Risk factors for HCV familial clustering are controversial. In some studies, HCV familial clustering was relevant for high HCV RNA levels, severe liver disease, advanced age, long-term contact, sharing of personal hygiene items, and having a spouse who was infected with HCV [12, 13, 16]. The relationship between siblings and offspring was also a risk factor in a few studies [17].
In China, there are some data concerning familial clustering from epidemiological surveys among restricted populations in areas with very high prevalence of anti-HCV, up to 28.9–43.4% [16, 18, 19]. The risk factors for familial clustering in Chinese ethnic Han HCV patients have not been properly explored. Moreover, there has been no research focused on the relationship between HCV familial clustering and socioeconomic factors.

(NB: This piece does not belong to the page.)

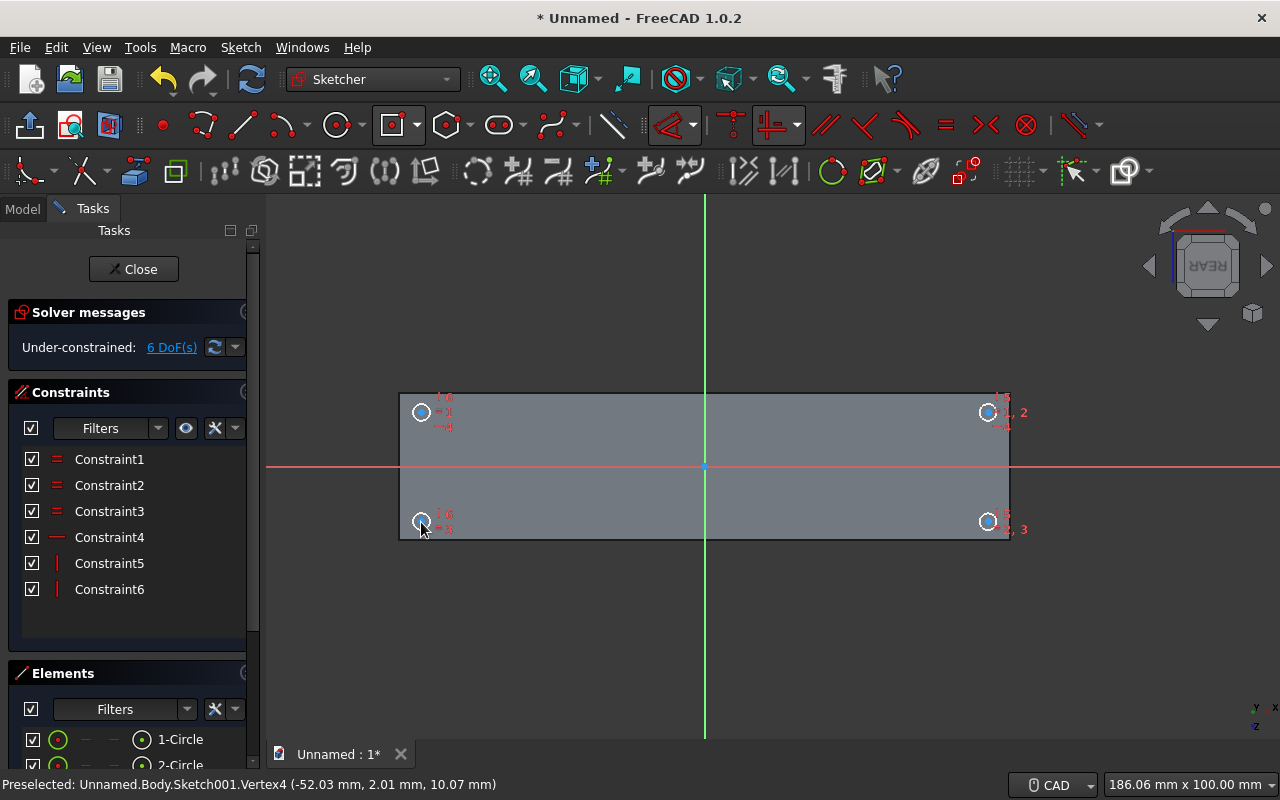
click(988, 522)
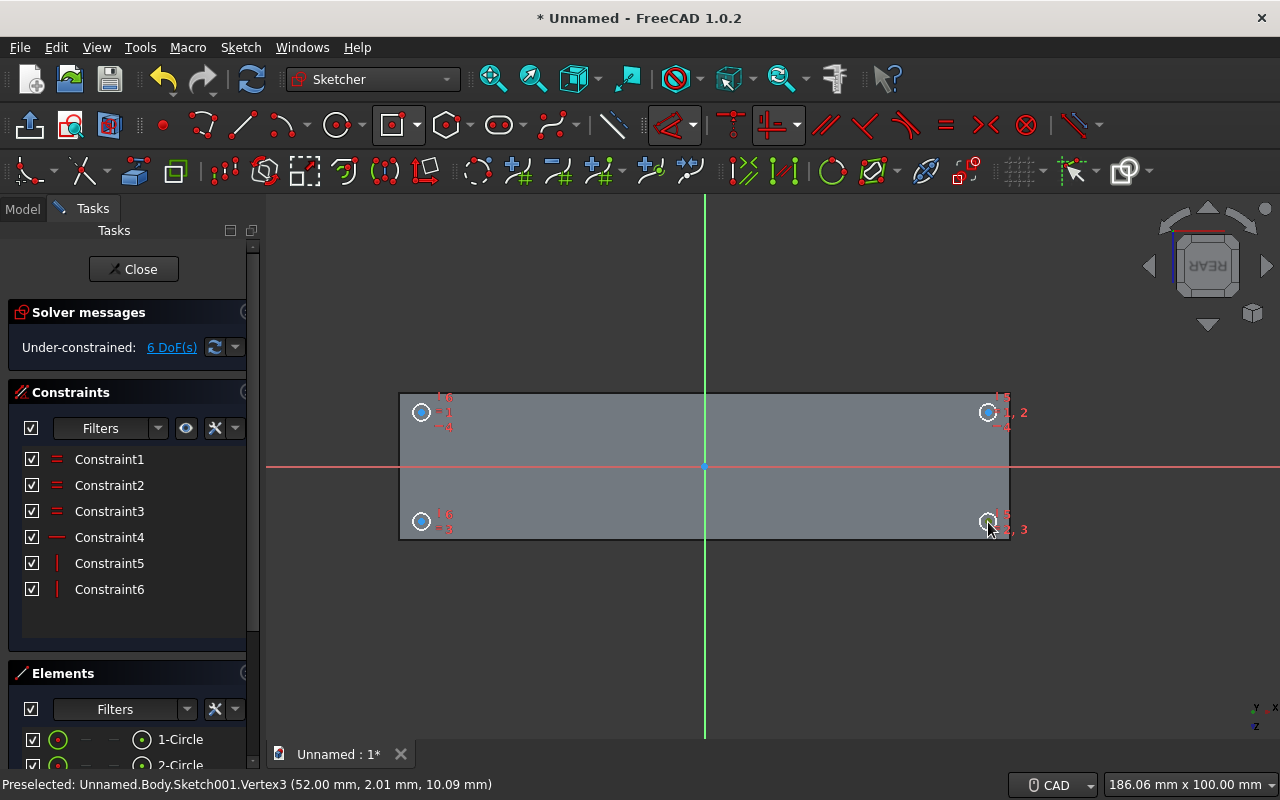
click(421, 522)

This study investigated the risk factors for familial clustering of HCV among the Chinese Han population via a large cross-sectional observational study.
Methods
Patients
A total of 1012 ethnic Han HCV treatment-naïve patients ≥18 years old were enrolled in this study using stratified sampling based on populations from five geographic regions at 28 university-affiliated hospitals across China between February and June 2011. The Han ethnic group accounts for approximately 92% of the Chinese population. Provinces in China were grouped into five geographic regions (North, South, East, West, and Central). Patient enrollment and sampling were weighted according to the population density within each region. HCV infection was confirmed or reconfirmed by anti-HCV antibody and positive HCV RNA testing within 90 days prior to enrollment. Patients who had received antiviral or interferon-based therapy for hepatitis C or hepatitis B were excluded. There were no other exclusion criteria.
Of the 1012 participants, 15 patients were excluded for protocol violations (one patient had two violations). Two patients were < 18 years old and/or not ethnic Han. HCV infection was not confirmed within 90 days prior to enrollment for 10 patients. Four patients failed to undergo physical examinations and have their blood drawn within 9 days after providing informed consent. As a result, the cohort included a total of 997 patients.

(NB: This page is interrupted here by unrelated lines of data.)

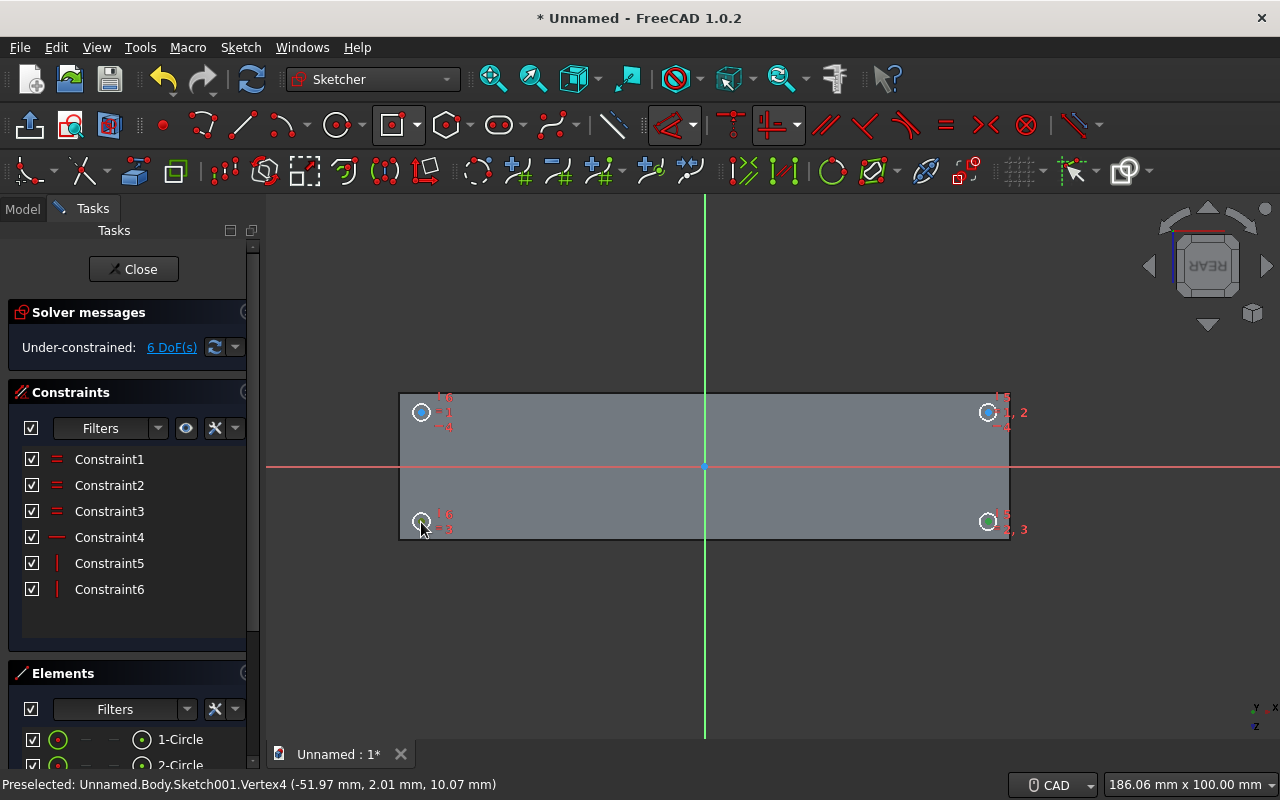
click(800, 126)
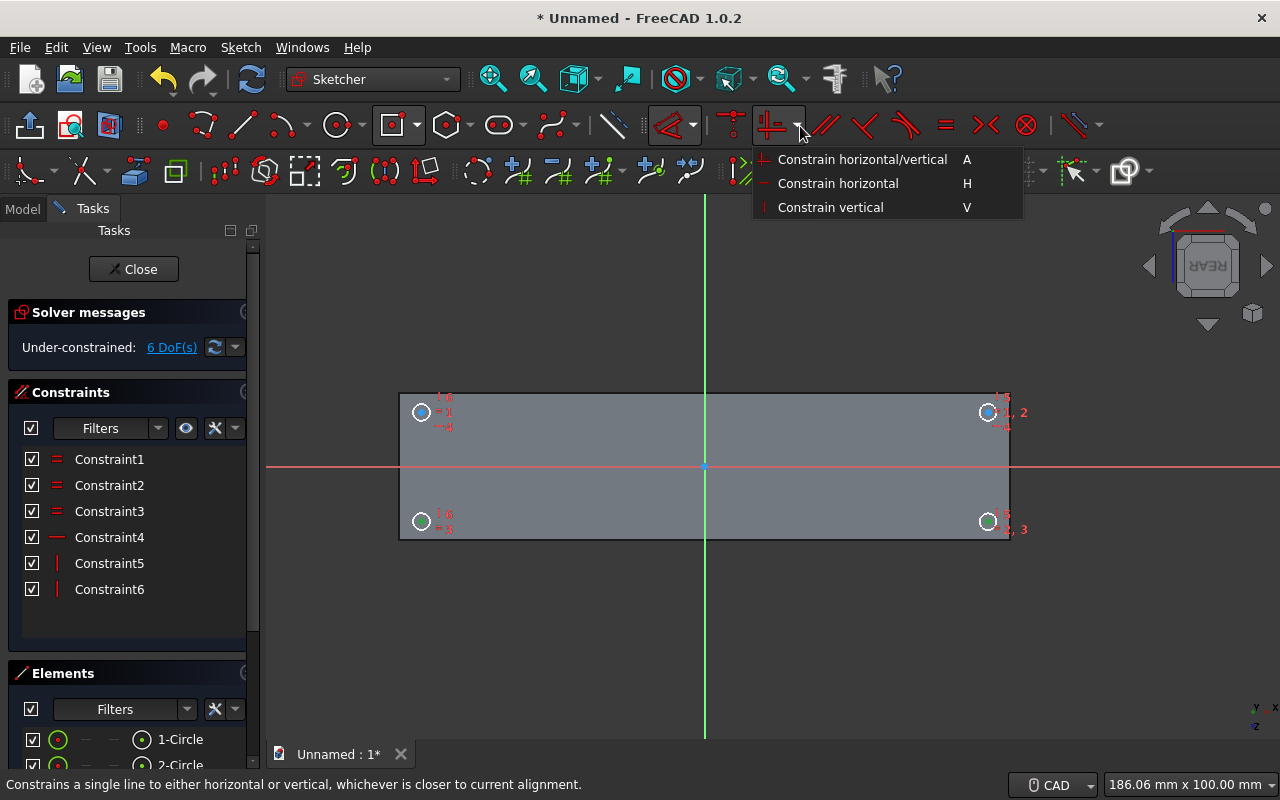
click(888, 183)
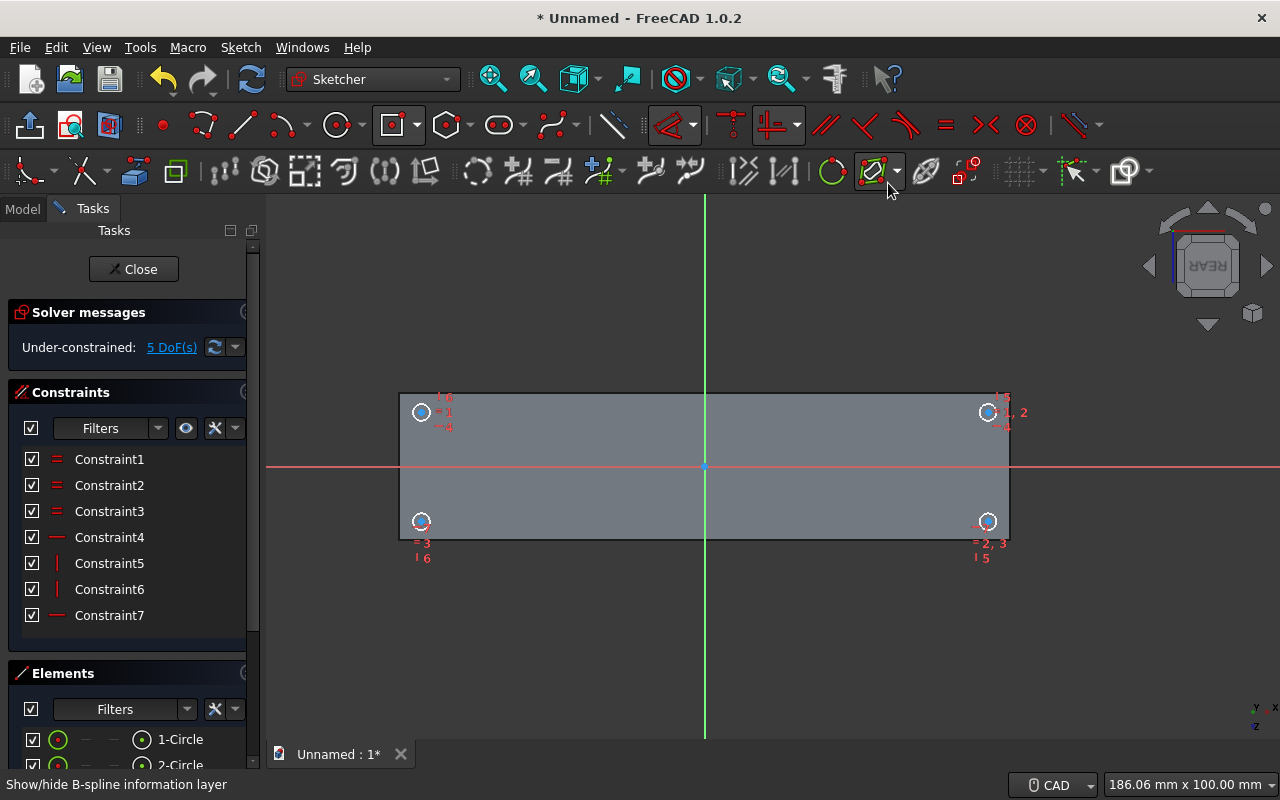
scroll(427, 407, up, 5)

Definition of HCV familial clustering
If a patient had one or more family members known to be infected by HCV by self-report, information about their relationship with them and the timing of diagnosis of HCV infection were collected. Index cases were defined as patients with familial clustering of HCV. Other patients in the cohort were defined as controls.
Clinical parameters
The clinical parameters of age, gender, self-reported HCV transmission risk factors, time of HCV diagnosis, possible duration of HCV infection, and socioeconomic factors, such as marriage, education, occupation and monthly family income, were measured and recorded. Laboratory examinations, such as those for liver enzymes, complete blood count, HCV polymerase chain reaction, and HCV genotype, were tested. Child-Turcotte-Pugh scores were calculated. An operator blind to the clinical and biological data of the patients was used for all tests and analyses.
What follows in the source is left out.